In fact, there are various interesting substances that can extend lifespan while also exhibiting similar effects as metformin.
Just like metformin has been derived from natural compounds found in the French lilac flower (also called goat’s rue), various natural ingredients can have similar healthy effects on metabolism, insulin sensitivity and aging in general.
And these effects are magnified when they are combined, achieving additional, synergistic effects.
For example, fisetin can also improve metabolism. Fisetin is a natural ingredient found in strawberries for example. Fisetin has been shown to reduce or prevent insulin resistance (and inflammation) (R,R,R,R). It can also improve mitochondrial health.
Glucosamine is another substance that can improve mitochondrial health and metabolism. Glucosamine is mostly known as a supplement to improve cartilage health. However, large studies found that healthy people taking glucosamine have increased lifespans (R,R). This is even better than current metformin studies showing that diabetic patients live longer when taking metformin, an effect that still has not been described in healthy, non-diabetic people.
Like metformin, glucosamine slightly inhibits mitochondrial functioning, and induces a hormetic effect (moderate stress, leading to a better outcome; exercise is a great example).
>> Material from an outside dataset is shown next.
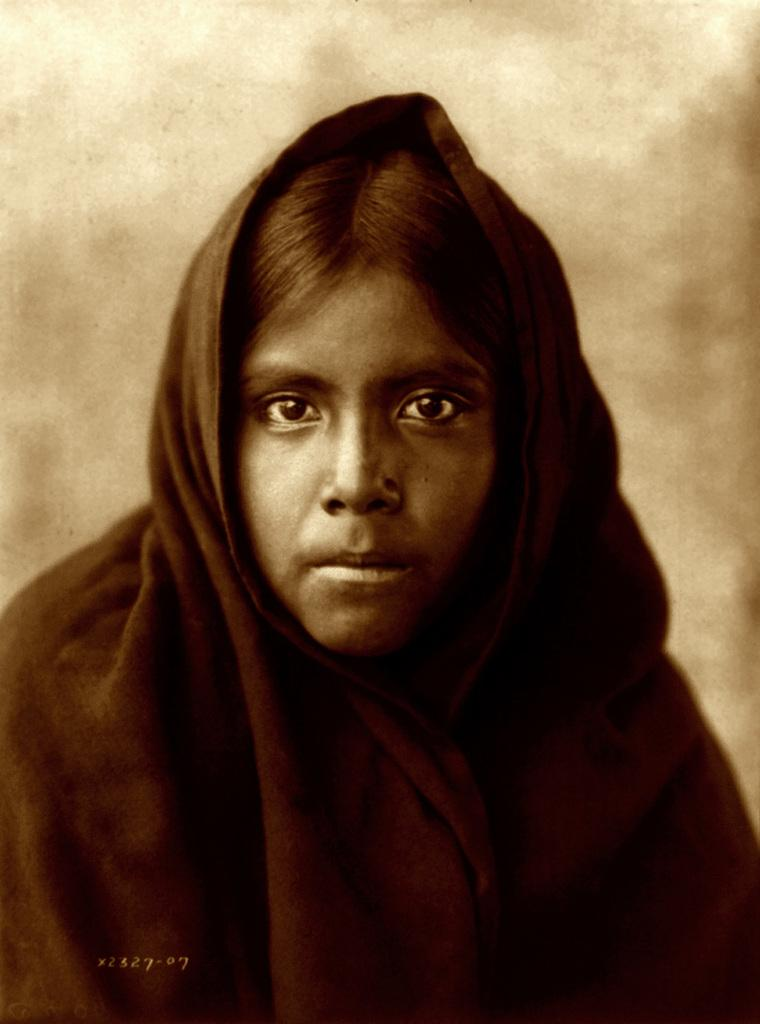What can be seen in the image? There is a person in the image. What is the person holding? The person is holding a cloth. Can you describe the background of the image? The background of the image is blurred. Is there any additional information or markings on the image? Yes, there is a watermark at the bottom of the image. How many men are wearing coats in the image? There are no men or coats present in the image. What type of recess is visible in the image? There is no recess visible in the image. 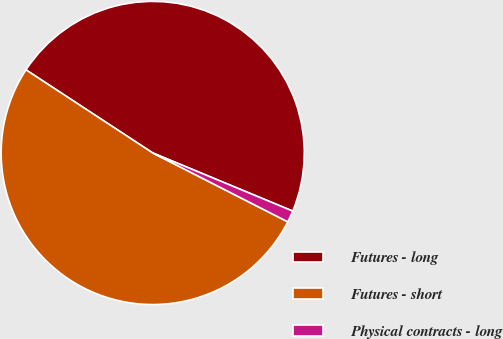<chart> <loc_0><loc_0><loc_500><loc_500><pie_chart><fcel>Futures - long<fcel>Futures - short<fcel>Physical contracts - long<nl><fcel>47.03%<fcel>51.73%<fcel>1.24%<nl></chart>

As a response to this inhibition, more mitochondria are created (in a process called mitochondrial biogenesis). Glucosamine can also increase the production of AMPK, like metformin (R,R).
Generally, and similarly to metformin, substances like fisetin and glucosamine stimulate mitohormesis, meaning these compounds impede mitochondrial functioning, making the mitochondria work better or increase their numbers. This can lead to various health and lifespan effects, including improved insulin sensitivity.
Just like metformin, pterostilbene can also activate AMPK (R). In fact, pterostilbene activated AMPK already at levels of 50 micromolar, while metformin achieved the effect at a higher dose of 2 millimolar (R).
4. How about berberine?
Berberine is sometimes mentioned as a supplement that could improve insulin resistance.
Like metformin, berberine can also activate AMPK. However, berberine is an alkaloid, which often are quite toxic compounds.
In our opinion, there are not enough studies showing that long-term berberine intake is safe, or even better, that berberine can extend lifespan in different organisms.
Metformin is not the ultimate anti-aging drug
To slow down aging, it is important to go beyond the effects of metformin, by addressing all 9 causes of aging. That’s where other natural ingredients, like alpha ketoglutarate, malate, lithium, ginger, NMN and others play a role.
Metformin is a very popular anti-aging drug. However, various natural ingredients exist that can have similar effects on mitochondrial health, metabolism and insulin sensitivity — and others that go well beyond what metformin is capable of.
Many people automatically assume metformin is better than a natural supplement, erroneously believing that pharmaceutical drugs must be stronger.
However, many of the most powerful and successful drugs are actually derived from nature, as we explain in this article.
Not to mention, the financial interests and marketing behind patentable prescription drugs, which has had a significant impact on the medical establishment’s recommendations and public opinion.
While a lot of attention is given to metformin, we should look beyond it in order to impact all mechanisms of aging in a synergistic way. By doing so, we will make the most significant impact on people’s health spans and lifespans.